_What you need to do_: Your task is to find every line of the listing that includes "rotate" and copy it.

[Given entries]

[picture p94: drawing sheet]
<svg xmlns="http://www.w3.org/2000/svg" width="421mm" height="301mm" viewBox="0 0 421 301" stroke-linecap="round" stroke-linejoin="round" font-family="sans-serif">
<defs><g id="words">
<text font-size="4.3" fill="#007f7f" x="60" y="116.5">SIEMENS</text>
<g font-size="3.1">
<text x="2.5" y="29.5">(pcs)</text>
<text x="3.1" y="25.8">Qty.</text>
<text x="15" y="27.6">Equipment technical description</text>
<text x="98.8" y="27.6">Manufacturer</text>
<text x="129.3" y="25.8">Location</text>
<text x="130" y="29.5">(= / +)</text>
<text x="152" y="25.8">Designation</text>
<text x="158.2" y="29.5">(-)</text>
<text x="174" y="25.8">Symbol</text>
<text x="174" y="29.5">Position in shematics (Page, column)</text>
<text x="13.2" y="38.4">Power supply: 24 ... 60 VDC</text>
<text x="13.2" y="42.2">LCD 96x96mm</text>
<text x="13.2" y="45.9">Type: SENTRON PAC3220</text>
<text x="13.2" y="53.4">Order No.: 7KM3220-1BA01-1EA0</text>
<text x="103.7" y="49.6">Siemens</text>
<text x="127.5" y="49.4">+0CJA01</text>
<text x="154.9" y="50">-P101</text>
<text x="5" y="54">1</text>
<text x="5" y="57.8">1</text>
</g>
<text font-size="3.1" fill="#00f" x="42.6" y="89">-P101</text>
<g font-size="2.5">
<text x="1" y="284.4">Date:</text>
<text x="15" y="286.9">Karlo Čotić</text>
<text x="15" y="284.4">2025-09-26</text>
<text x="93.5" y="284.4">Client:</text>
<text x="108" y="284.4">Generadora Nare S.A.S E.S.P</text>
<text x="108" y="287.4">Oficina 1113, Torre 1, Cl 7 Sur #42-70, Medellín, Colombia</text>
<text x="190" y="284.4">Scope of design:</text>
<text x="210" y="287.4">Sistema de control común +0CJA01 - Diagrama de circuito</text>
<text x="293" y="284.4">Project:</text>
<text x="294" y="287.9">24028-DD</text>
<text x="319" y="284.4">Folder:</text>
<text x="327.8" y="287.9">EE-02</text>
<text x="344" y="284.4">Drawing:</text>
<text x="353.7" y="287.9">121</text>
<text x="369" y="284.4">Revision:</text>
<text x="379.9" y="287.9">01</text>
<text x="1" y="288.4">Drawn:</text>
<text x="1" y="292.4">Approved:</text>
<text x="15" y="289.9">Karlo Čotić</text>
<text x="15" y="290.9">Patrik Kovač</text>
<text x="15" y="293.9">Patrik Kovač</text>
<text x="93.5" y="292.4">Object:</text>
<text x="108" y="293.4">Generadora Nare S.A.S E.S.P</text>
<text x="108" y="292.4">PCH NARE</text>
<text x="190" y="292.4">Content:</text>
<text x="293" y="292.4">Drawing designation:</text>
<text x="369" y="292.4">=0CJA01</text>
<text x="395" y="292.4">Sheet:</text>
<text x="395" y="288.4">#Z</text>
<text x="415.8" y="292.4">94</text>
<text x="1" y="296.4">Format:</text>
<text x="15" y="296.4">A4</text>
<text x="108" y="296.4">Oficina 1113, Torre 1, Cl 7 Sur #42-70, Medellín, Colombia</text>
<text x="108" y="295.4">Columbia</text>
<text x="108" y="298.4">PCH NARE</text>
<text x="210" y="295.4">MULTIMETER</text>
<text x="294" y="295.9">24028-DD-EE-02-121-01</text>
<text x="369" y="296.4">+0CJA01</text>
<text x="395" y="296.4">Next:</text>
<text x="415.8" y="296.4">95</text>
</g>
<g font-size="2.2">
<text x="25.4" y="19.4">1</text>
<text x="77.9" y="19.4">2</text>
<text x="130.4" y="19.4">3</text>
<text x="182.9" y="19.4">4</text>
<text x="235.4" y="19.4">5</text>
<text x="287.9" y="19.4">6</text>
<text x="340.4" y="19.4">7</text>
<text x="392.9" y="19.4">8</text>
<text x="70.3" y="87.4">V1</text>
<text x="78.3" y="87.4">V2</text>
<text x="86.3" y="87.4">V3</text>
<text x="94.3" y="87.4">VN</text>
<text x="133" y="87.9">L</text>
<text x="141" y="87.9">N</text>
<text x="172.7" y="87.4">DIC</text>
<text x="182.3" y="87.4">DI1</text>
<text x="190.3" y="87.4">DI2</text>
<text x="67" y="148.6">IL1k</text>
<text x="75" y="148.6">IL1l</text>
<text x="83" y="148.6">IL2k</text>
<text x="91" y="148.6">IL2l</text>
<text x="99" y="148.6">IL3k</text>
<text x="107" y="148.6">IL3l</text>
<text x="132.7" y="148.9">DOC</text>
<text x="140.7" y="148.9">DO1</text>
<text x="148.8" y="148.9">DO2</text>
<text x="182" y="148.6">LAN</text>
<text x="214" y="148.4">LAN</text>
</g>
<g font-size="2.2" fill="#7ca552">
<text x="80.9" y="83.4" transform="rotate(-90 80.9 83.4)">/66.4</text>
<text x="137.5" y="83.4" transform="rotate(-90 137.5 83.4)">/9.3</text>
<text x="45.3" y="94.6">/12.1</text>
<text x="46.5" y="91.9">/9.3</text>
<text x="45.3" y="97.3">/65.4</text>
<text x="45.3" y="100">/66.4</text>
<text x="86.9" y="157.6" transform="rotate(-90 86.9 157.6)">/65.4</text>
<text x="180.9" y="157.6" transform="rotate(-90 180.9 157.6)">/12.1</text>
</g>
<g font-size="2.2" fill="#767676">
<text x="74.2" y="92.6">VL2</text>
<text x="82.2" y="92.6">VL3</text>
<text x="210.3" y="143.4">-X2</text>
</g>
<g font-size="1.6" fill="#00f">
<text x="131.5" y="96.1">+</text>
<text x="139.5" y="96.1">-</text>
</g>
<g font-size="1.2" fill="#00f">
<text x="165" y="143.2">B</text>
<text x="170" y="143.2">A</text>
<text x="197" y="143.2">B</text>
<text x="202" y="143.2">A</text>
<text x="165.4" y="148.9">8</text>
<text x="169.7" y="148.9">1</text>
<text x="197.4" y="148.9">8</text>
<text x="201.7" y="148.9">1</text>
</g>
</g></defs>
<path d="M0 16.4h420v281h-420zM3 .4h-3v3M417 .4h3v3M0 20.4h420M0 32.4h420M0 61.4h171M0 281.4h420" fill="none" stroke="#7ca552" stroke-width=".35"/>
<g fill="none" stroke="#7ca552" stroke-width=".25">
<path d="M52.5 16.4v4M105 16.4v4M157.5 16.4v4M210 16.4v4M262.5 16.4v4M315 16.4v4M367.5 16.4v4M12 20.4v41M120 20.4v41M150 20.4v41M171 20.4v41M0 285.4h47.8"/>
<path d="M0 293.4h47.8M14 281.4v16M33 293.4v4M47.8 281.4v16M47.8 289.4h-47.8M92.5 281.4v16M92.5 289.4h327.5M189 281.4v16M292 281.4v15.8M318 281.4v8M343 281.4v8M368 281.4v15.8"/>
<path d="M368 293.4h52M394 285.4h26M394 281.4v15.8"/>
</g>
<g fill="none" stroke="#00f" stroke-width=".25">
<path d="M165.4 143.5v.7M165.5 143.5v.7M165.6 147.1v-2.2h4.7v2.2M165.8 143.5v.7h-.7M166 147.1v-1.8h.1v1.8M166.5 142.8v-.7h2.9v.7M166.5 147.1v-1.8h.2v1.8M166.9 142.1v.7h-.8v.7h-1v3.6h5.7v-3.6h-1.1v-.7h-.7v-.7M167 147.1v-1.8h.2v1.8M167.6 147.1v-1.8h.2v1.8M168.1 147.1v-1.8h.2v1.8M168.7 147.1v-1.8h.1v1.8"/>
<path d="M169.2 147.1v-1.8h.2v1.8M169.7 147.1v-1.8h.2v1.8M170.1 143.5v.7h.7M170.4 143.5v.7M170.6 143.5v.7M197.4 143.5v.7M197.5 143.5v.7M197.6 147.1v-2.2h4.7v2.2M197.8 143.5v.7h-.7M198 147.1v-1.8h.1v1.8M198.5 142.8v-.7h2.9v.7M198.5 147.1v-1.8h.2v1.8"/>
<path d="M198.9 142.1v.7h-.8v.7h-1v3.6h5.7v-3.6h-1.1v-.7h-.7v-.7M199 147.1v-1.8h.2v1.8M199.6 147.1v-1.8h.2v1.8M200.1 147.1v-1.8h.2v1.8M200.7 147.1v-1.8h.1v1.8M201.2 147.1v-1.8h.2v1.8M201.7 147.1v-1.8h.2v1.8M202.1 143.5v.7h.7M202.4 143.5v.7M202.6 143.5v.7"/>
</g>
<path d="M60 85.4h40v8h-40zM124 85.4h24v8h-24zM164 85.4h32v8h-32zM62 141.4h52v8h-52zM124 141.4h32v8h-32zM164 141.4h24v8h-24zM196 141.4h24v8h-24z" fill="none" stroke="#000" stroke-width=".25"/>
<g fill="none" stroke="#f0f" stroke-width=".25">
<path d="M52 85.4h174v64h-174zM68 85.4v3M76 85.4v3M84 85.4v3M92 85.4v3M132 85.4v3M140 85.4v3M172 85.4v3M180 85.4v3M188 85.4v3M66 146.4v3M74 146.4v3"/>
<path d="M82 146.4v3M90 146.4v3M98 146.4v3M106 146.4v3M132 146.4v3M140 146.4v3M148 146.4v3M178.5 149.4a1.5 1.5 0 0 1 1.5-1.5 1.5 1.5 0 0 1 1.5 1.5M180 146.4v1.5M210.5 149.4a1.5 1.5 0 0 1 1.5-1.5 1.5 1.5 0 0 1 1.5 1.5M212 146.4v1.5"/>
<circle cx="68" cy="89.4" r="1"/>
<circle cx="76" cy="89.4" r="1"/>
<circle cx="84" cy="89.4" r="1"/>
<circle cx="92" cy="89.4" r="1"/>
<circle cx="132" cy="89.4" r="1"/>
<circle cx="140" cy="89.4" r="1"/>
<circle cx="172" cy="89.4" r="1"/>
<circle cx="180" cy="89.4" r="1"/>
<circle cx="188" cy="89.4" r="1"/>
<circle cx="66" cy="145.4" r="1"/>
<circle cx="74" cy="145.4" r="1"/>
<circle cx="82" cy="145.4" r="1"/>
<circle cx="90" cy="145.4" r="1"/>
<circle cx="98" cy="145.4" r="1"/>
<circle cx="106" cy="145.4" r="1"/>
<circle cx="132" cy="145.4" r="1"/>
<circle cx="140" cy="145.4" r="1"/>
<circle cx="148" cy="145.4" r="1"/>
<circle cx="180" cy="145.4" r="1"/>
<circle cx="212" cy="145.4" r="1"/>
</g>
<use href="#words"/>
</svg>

[/Given entries]

_The answer_:
<text x="80.9" y="83.4" transform="rotate(-90 80.9 83.4)">/66.4</text>
<text x="137.5" y="83.4" transform="rotate(-90 137.5 83.4)">/9.3</text>
<text x="86.9" y="157.6" transform="rotate(-90 86.9 157.6)">/65.4</text>
<text x="180.9" y="157.6" transform="rotate(-90 180.9 157.6)">/12.1</text>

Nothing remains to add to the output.